VLDB09 Overview, part 2
I'm right back in Paris after four awesome days at Lyon where I attended the Very Large Database Conference. Overall this was a very interesting event, with both very low level technical talks and architectural presentations. The event was really well organized as I've partially mentioned in my overview of the first two days, but there is still place for improvements.
The average quality of the selected papers was pretty good, but I personally thought that there were still too many non innovative papers and badly prepared speakers. Common guys, you've got the chance to expose your work to an invaluable audience in a prestigious conference, the least you can do is to be well trained so you don't have to skip your last 10 slides... Also, another detail, how the hell can you receive 700 persons in France and serve lunch without desert ? I may be a bit greedy, but I wasn't the only disappointed person. That's it for the traditional french whine part. (But there was good wine !)

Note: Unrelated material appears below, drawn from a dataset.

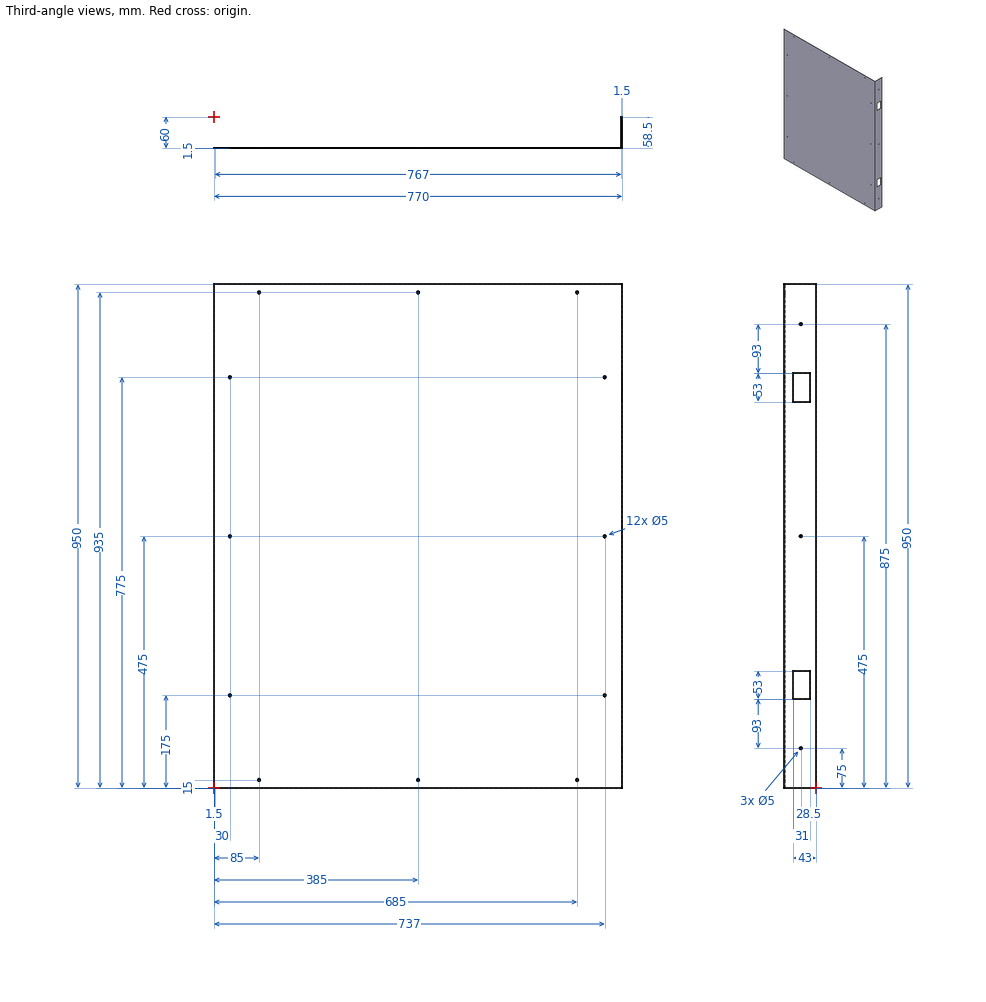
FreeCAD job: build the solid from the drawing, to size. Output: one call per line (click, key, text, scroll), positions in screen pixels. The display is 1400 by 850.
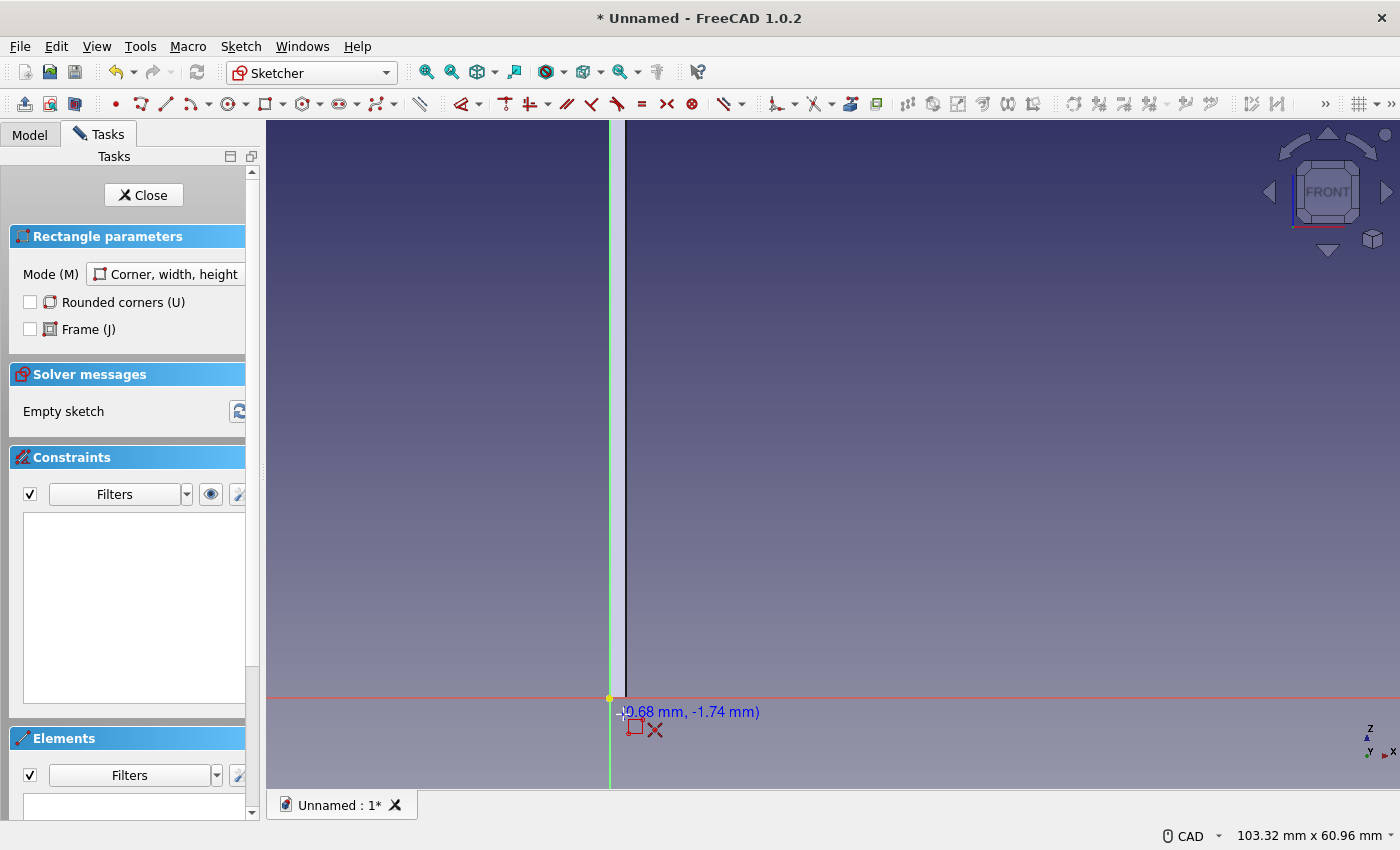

So the last two days were full of interesting sessions in various domains. Wednesday morning began with a keynote about how database technologies contribute to enhance games and simulation engines performances. For a keynote, I would have preferred a more database focused talk, because in the end it was just about having each tick of the game acting in a map / reduce fashion to compute all changes together, and some Tree usage here and there, nothing very funky (but there were some great videos of old video games to compensate...
).
The afternoon started with a great session called Map/Reduce with three presentations:
- SQL/MapReduce: A practical approach to self-describing, polymorphic, and parallelizable user-defined functions: The speech was about a commercial product, AsterDB, and their alternative approach to Hadoop / PIG. The idea is that statisticians and other people interested about processing data prefer to write SQL queries instead of coding map / reduce functions that are usually so specialized that they are not reusable. They answer this concern by providing an easily extensible SQL language so you can bypass the actual limits of SQL by writing a few lines of java for example, the whole thing being then parallelized.
- Building a HighLevel Dataflow System on top of MapReduce: The Pig Experience: Really interesting presentation by a Yahoo! engineer, one of the creator of Pig, the famous high level language to express data analysis programs on top of Hadoop. The focus was on how Pig is designed and implemented to actually transform your logical instructions into physically distributed jobs and stages. Pretty neat.
- PLANET: Massively Parallel Learning of Tree Ensembles with MapReduce: Highly technical talk from a Google fellow describing "a scalable distributed framework for learning tree models over large datasets. PLANET defines tree learning as a series of distributed computations, and implements each one using the MapReduce model of distributed computation.". A great breakthrough in a domain where lots of state of the art learning algorithms are designed for a single machine.
The day ended on a pleasant discussion panel about "How Best to build Web Scale Data Managers ?". Lots of relevant questions and responses that point to the disappointing lack for an open source parallel database. Hopefully the next decade will solve that. (edit: I might not have understood some of the subtle sarcasm of one of the speaker, so lets remove the critic).
Thursday was even more interesting, starting with the "10-year award keynote", rewarding the most influencing paper of the last decade. The award was attributed to the MonetDB staff for their paper "Database Architecture Optimized for the New Bottleneck: Memory Access" describing a novel approach to database storage (column storage, well known nowadays) and to the join operation optimized for the CPU cache, thus avoiding the overhead of memory access, and how the column oriented engine allow for . They also talked about vectorwise and its enhanced query computation pipeline performing batch hit operations. Well done guys, it's a pretty impressive work !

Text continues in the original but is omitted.